Полдня после этого Пим места себе не находил. Подняв воротник, он как потерянный бродил по Крайстчерч-медоуз. Из боязни подвергнуться репрессиям пропустил беседу с наставником и строчил письма Белинде на адрес лондонского благотворительного общества, где она теперь работала бесплатным секретарем. После этого он засел в темном кинотеатре. Вечером, все еще сокрушаемый отчаянием, он погрузил злополучный ящик на тележку, чтобы отвезти его в Баллиол-колледж и во всем признаться Сефтону Бойду. Но когда он добрался туда, в голове его созрела новая версия случившегося.
— Один богатенький мерзавец из Мертона повадился обхаживать меня, чтобы залучить к себе в постель, — объяснил он тоном праведного негодования, в котором упражнялся всю дорогу, пока вез ящик. — Вот прислал мне этот ужасной величины ящик, думая меня купить этим!
Если Сефтон Бойд и не совсем поверил ему, виду он не подал. Вдвоем они оттащили добычу в «Гридайрон-клуб», и там выпили все вино за один раз в компании из шести человек, веселясь до утра и провозглашая здравицы в честь девственника Пима. Через несколько дней Пима выбрали членом клуба «Гридайрон». С наступлением каникул он подрядился продавать ковры в магазинчике в Уотфорде. Рику он представил это как каникулярный спецкурс юридических наук. Подобные каникулярные семинары он посещал и в Швейцарии. В ответ Рик прислал ему наставление на пяти страницах, в котором предупреждал об опасности общения с распутными снобами-интеллектуалами, а также, совершенно неожиданно, чек на пятьдесят фунтов.
* * *
Весь летний семестр он отдал женщинам. Никогда раньше он не был так влюблен. Он клялся в любви каждой встречной девушке, желая переломить то дурное мнение о себе, которое, как он считал, у них складывалось. В уютном кафе, на садовых скамейках или же в погожие деньки гуляя по берегу Айсиса, Пим жал им ручки и, вперяясь долгим взглядом в их недоуменные глаза, говорил им все то, что сам всегда мечтал услышать. Если дело не шло с одной, он тут же давал себе слово завтра же отыграться на другой, ибо девушки его возраста и развития были ему внове и его смущало, если они вели себя независимо. Когда же дело не шло ни с одной из них, он писал письма Белинде, которая отвечала неукоснительно. В своих любовных речах он никогда не повторялся, потому что цинизм был ему чужд. Так, одной он поверял свою мечту вернуться на швейцарскую сцену, где некогда имел оглушительный успех. Ей тоже стоит выучить немецкий, тогда они могли бы играть в спектакле вместе. Другой он представлял себя поэтом, пишущим о бренности земной, ниспровергателем основ, и рассказывал, как преследовала его неумолимая швейцарская полиция.

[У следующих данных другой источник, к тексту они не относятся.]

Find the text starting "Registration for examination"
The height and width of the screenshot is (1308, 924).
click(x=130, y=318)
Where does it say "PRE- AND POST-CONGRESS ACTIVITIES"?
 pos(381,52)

— А я-то считала их завзятыми нейтралами и гуманистами! — воскликнула девушка, потрясенная описанием побоев, которым подвергся он, переходя через австрийскую границу.

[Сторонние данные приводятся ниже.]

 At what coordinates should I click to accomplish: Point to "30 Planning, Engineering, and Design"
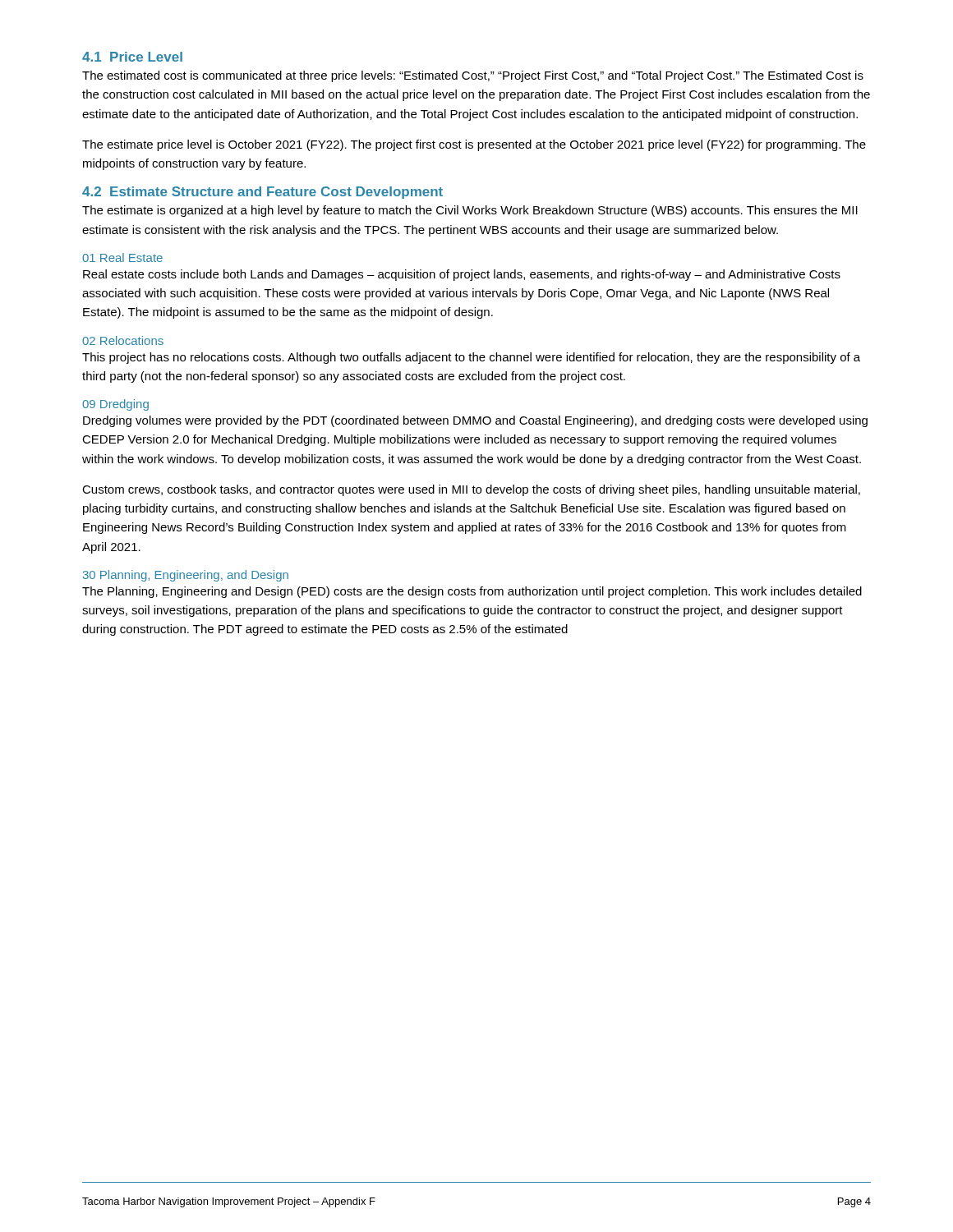[186, 574]
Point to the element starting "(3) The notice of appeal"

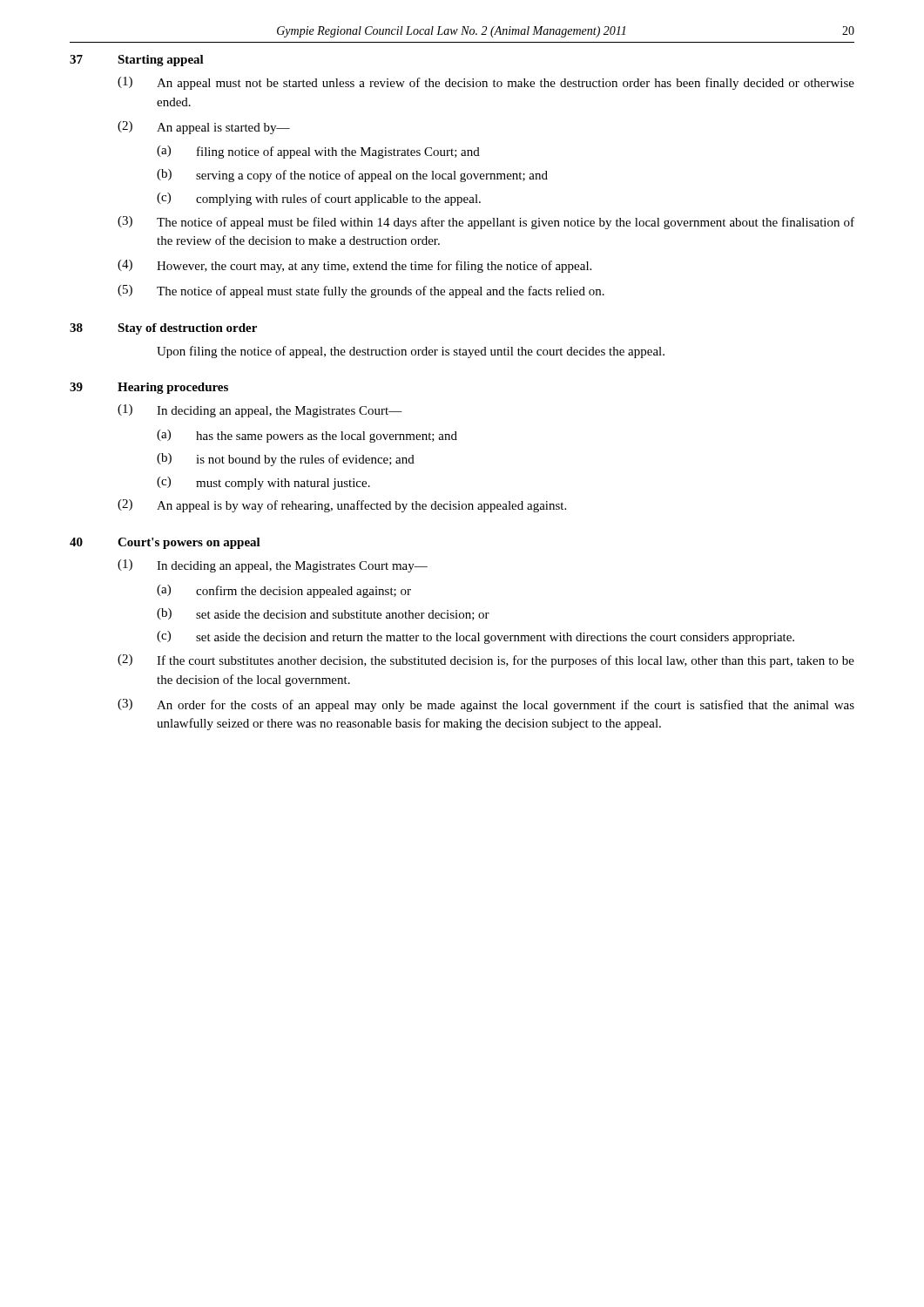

— Только не в отношении людей, выделяющихся из общего ряда, — сурово заметил Пим. — Не в отношении тех, кто отвергает нормы буржуазной нравственности. У этих швейцарцев законов только два. Нельзя быть бедным и нельзя быть иностранцем. А я был и тем, и другим.
— Сколько же всего вы вытерпели, — сказала она. — Фантастика! А я ничего в жизни не видела.
Третьей он изображал себя романистом, бытописателем темных углов и обличителем испорченных нравов, чья рукопись еще не представлена в издательство, но ждет своего часа у него дома в старом шкафчике.
В один прекрасный день на горизонте появилась Джемайма. Мать отправила ее в Оксфорд, в колледж, где студентки обучались делопроизводству, секретарской работе и печатанию на машинке. Джемайма была длинноногой и рассеянной, и вид у нее был такой, словно она постоянно всюду опаздывает. Она была хороша, как никогда.
— Я люблю тебя, — говорил ей Пим у нее в комнате, передавая ей за столом куски фруктового пирога. — Что бы ни было и каким бы страданиям я ни подвергался, я не переставал тебя любить!